Honest mistakes were made

By LUCY MILLARD - 19/03/1999

Newark MP Mrs Fiona Jones and her agent, Mr Des Whicher, did their best to complete an honest election expense return, the jury was told on Tuesday. 

Mr Roy Almot QC, representing Mrs Jones, said the area of election expenses was not an easy one.

He said when the time came for Mrs Jones and Mr Whicher to complete the return they did their best to get it right.

Said Mr Amlot: "They made some small mistakes which Mrs Jones has owned up to."

Mr Amlot said the Crown had said they had tried to hide the donations from Caledonian Mining. That was nonsense.

"Everything they did was obvious to members of the constituency Labour party who were interested in their campaign," he said.

Mr Amlot said one of the main issues in the case was the voter identification system.

It was a long-term process, he said. The trouble with the system was that Newark had lagged behind and so telephonists had to be brought in."

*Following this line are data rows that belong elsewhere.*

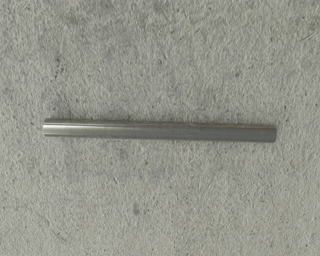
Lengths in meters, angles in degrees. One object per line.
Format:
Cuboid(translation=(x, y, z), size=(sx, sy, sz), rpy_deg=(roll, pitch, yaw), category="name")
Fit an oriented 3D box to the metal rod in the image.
Cuboid(translation=(0.001, 0.004, 0.412), size=(0.302, 0.025, 0.025), rpy_deg=(2, 110, -1), category="metal rod")
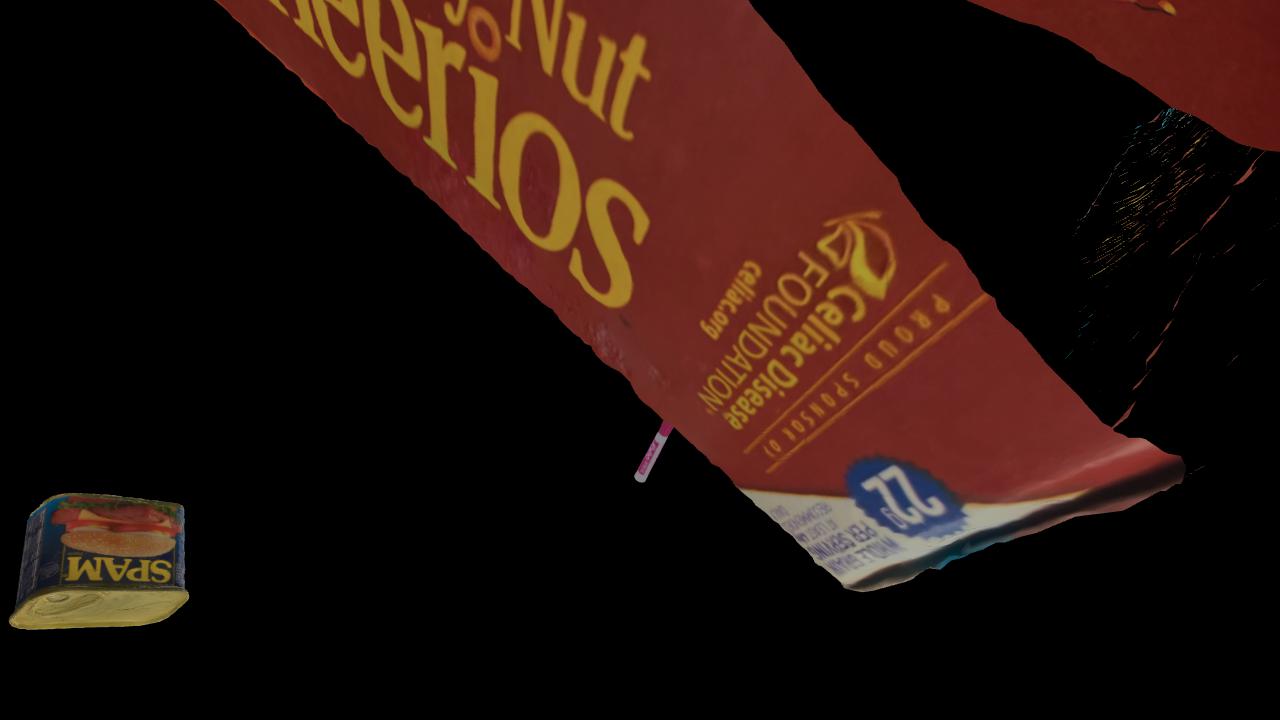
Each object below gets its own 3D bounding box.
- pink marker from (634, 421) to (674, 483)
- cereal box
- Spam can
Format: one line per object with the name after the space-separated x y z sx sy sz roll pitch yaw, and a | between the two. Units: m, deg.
0.022 0.132 0.905 0.020 0.121 0.020 19 29 -11 | pink marker
-0.005 -0.133 0.143 0.203 0.306 0.081 -42 -11 -31 | cereal box
-0.421 0.158 0.488 0.058 0.085 0.101 -37 -34 14 | Spam can
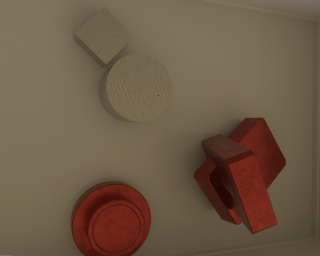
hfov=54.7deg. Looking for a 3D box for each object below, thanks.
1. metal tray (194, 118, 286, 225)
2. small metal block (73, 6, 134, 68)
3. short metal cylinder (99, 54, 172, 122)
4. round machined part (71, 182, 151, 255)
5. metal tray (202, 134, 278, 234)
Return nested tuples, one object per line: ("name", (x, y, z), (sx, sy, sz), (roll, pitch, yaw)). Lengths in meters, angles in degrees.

"I say that any reasonable person would be entitled to say this is a capital asset, built up over the years," he said.

He said the system was used on election day and this was reflected in the return. It was included in the £500 allowed for the use of the Newark and Retford offices and equipment.

Mr Amlot said the Conservative return had included the use of a computer for 30 hours at £1.75 an hour. They had also put down a notional cost of £50 a week for the use of the Conservative offices on London Road.

"Why should it be any different for the Paxton's Court office?" he asked.

"Mrs Jones and Mr Whicher decided an appropriate sum was £350."

The office only became a campaign headquarters once Mrs Jones had been adopted as the candidate in March.

He said the Liberal Democrat candidate, Mr Peter Harris, received telephone calls and packages and it was too difficult for him to resist doing something about it. He went to the Advertiser.

Mr Amlot said the court had heard evidence of a Newark faction operating in the party.

He said Mrs Gill Dawn had accepted she was probably on a list of people in the faction and said he strongly recommended that they should treat her evidence with care.

Mr Amlot said the Crown could not divorce itself from the contention that everything paid from the election account was used for the election.

Mr Edward Fitzgerald QC, representing Mr Whicher, said the issue over the use of hire cars had been abandoned on the judge's direction.

"This case is not just littered with abandoned vehicles but abandoned allegations," he said.

He said the Crown had opened the case by claiming there had been a gross under-declaration on the election return running to thousands of pounds and had sought to prove that by producing a schedule which, he said, included everything from the trivial to the irrelevant.

He said witness after witness had spoken about how they regarded the Paxton's Court office as a constituency asset.

The voter identification system, likewise, was a constituency asset.

Mr Fitzgerald said it had been accepted that the cars used by Mrs Jones and Mr Whicher were no longer an issue. He pointed out that the Crown had months of research and could not get it right. It showed it was not clear cut what was an expense.

He said the only thing left was the allegation that they deliberately acted dishonestly. Here they fell back on the evidence of Mrs Gill Dawn and Mrs Doreen Westmoreland.

Said Mr Fitzgerald: "I suggest it is clear they have invented conversations that never took place after meetings which never happened."

Mr Fitzgerald said the offence required deliberate dishonestly. They had to know they should be declaring something or putting something on the return that they knew was false.

He said that case had not been made out.

Mr Fitzgerald said it was unsafe and absurd to say that everything paid from the account should be treated as an election expense.

He said there was no evidence to suggest that if there were mistakes that they were not honest ones.

Said Mr Fitzgerald: "At the end of the day all the money was spent in valid constituency activities."